» **Directions for this task**
Each record that follows should be reproduced in full, character for character.

(Records from a data collection)
================================
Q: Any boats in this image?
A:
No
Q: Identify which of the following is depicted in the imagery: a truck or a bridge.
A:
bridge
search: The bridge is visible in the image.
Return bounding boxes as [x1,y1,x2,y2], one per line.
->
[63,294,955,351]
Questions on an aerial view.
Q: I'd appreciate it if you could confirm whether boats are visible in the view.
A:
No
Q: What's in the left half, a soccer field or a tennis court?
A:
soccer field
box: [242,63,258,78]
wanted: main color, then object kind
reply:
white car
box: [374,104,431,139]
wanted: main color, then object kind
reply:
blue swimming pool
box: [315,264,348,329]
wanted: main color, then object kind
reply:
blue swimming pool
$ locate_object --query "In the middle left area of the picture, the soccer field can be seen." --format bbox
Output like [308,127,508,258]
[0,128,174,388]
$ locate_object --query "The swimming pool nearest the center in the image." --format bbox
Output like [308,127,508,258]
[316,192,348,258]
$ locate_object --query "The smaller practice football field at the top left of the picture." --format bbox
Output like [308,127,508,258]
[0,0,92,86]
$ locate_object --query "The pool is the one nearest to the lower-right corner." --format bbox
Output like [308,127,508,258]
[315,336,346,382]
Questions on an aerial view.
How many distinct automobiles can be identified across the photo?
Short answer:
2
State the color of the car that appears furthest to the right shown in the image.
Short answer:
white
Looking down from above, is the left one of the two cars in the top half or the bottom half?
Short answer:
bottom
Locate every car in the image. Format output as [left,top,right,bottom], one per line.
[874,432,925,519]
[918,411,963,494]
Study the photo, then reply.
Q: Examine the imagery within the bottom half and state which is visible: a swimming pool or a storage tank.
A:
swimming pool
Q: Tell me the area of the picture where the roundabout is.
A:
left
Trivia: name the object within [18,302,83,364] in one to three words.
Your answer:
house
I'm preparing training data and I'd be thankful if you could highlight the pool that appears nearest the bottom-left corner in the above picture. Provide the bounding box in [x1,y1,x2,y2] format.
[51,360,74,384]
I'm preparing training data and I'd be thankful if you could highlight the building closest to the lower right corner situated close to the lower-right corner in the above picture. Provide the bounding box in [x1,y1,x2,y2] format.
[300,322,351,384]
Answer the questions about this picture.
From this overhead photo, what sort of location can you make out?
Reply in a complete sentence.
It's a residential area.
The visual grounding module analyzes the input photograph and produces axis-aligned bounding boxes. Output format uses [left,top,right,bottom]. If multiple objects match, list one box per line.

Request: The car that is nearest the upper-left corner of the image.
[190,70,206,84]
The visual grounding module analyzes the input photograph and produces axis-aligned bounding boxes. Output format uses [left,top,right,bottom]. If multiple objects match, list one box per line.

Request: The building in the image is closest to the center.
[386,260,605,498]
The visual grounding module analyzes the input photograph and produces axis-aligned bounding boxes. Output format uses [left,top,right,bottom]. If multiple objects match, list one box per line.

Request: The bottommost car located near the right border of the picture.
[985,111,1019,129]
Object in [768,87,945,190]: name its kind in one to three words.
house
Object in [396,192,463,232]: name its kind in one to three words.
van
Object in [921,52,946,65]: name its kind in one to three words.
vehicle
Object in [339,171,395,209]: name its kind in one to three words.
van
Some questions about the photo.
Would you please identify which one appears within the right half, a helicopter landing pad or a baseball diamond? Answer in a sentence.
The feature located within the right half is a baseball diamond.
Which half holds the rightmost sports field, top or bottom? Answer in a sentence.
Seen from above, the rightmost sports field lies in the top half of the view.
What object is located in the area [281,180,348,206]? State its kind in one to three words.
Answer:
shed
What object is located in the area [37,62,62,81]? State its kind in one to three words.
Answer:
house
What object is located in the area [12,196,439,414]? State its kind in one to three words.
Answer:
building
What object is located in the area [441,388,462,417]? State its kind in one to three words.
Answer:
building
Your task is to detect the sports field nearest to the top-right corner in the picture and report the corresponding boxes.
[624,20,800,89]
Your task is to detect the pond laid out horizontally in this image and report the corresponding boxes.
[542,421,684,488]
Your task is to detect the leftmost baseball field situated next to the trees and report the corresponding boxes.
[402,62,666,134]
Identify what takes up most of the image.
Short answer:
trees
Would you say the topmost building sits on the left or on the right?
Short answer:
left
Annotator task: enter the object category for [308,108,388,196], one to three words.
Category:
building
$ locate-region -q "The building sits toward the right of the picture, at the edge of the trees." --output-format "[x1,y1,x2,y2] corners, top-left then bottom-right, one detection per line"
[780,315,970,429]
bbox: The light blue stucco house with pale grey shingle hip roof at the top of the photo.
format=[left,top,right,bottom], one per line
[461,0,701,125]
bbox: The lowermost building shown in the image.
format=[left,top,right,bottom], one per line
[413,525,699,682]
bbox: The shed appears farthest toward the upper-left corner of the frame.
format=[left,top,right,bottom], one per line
================================
» **Solution**
Q: Any boats in this image?
A:
No
Q: Identify which of the following is depicted in the imagery: a truck or a bridge.
A:
bridge
search: The bridge is visible in the image.
Return bounding boxes as [x1,y1,x2,y2], one per line.
->
[63,294,955,351]
Questions on an aerial view.
Q: I'd appreciate it if you could confirm whether boats are visible in the view.
A:
No
Q: What's in the left half, a soccer field or a tennis court?
A:
soccer field
box: [242,63,258,78]
wanted: main color, then object kind
reply:
white car
box: [374,104,431,139]
wanted: main color, then object kind
reply:
blue swimming pool
box: [315,264,348,329]
wanted: main color, then object kind
reply:
blue swimming pool
$ locate_object --query "In the middle left area of the picture, the soccer field can be seen." --format bbox
Output like [308,127,508,258]
[0,128,174,388]
$ locate_object --query "The swimming pool nearest the center in the image." --format bbox
Output like [308,127,508,258]
[316,192,348,258]
$ locate_object --query "The smaller practice football field at the top left of the picture." --format bbox
Output like [308,127,508,258]
[0,0,92,86]
$ locate_object --query "The pool is the one nearest to the lower-right corner." --format bbox
Output like [308,127,508,258]
[315,336,346,382]
Questions on an aerial view.
How many distinct automobiles can be identified across the photo?
Short answer:
2
State the color of the car that appears furthest to the right shown in the image.
Short answer:
white
Looking down from above, is the left one of the two cars in the top half or the bottom half?
Short answer:
bottom
Locate every car in the image. Format output as [left,top,right,bottom], one per line.
[874,432,925,519]
[918,411,963,494]
Study the photo, then reply.
Q: Examine the imagery within the bottom half and state which is visible: a swimming pool or a storage tank.
A:
swimming pool
Q: Tell me the area of the picture where the roundabout is.
A:
left
Trivia: name the object within [18,302,83,364] in one to three words.
Your answer:
house
I'm preparing training data and I'd be thankful if you could highlight the pool that appears nearest the bottom-left corner in the above picture. Provide the bounding box in [x1,y1,x2,y2] format.
[51,360,74,384]
I'm preparing training data and I'd be thankful if you could highlight the building closest to the lower right corner situated close to the lower-right corner in the above picture. Provide the bounding box in [x1,y1,x2,y2] format.
[300,322,351,384]
Answer the questions about this picture.
From this overhead photo, what sort of location can you make out?
Reply in a complete sentence.
It's a residential area.
The visual grounding module analyzes the input photograph and produces axis-aligned bounding boxes. Output format uses [left,top,right,bottom]. If multiple objects match, list one box per line.

Request: The car that is nearest the upper-left corner of the image.
[190,70,206,84]
The visual grounding module analyzes the input photograph and produces axis-aligned bounding boxes. Output format uses [left,top,right,bottom]. If multiple objects match, list one box per line.

Request: The building in the image is closest to the center.
[386,260,605,498]
The visual grounding module analyzes the input photograph and produces axis-aligned bounding boxes. Output format uses [left,top,right,bottom]. If multiple objects match, list one box per line.

Request: The bottommost car located near the right border of the picture.
[985,111,1019,129]
Object in [768,87,945,190]: name its kind in one to three words.
house
Object in [396,192,463,232]: name its kind in one to three words.
van
Object in [921,52,946,65]: name its kind in one to three words.
vehicle
Object in [339,171,395,209]: name its kind in one to three words.
van
Some questions about the photo.
Would you please identify which one appears within the right half, a helicopter landing pad or a baseball diamond? Answer in a sentence.
The feature located within the right half is a baseball diamond.
Which half holds the rightmost sports field, top or bottom? Answer in a sentence.
Seen from above, the rightmost sports field lies in the top half of the view.
What object is located in the area [281,180,348,206]? State its kind in one to three words.
Answer:
shed
What object is located in the area [37,62,62,81]? State its kind in one to three words.
Answer:
house
What object is located in the area [12,196,439,414]? State its kind in one to three words.
Answer:
building
What object is located in the area [441,388,462,417]? State its kind in one to three words.
Answer:
building
Your task is to detect the sports field nearest to the top-right corner in the picture and report the corresponding boxes.
[624,20,800,89]
Your task is to detect the pond laid out horizontally in this image and report the corresponding boxes.
[542,421,684,488]
Your task is to detect the leftmost baseball field situated next to the trees and report the corresponding boxes.
[402,62,666,134]
Identify what takes up most of the image.
Short answer:
trees
Would you say the topmost building sits on the left or on the right?
Short answer:
left
Annotator task: enter the object category for [308,108,388,196], one to three words.
Category:
building
$ locate-region -q "The building sits toward the right of the picture, at the edge of the trees." --output-format "[x1,y1,x2,y2] corners, top-left then bottom-right, one detection per line"
[780,315,970,429]
bbox: The light blue stucco house with pale grey shingle hip roof at the top of the photo.
format=[left,top,right,bottom], one per line
[461,0,701,125]
bbox: The lowermost building shown in the image.
format=[left,top,right,bottom], one per line
[413,525,699,682]
bbox: The shed appears farthest toward the upper-left corner of the frame.
format=[left,top,right,bottom], one per line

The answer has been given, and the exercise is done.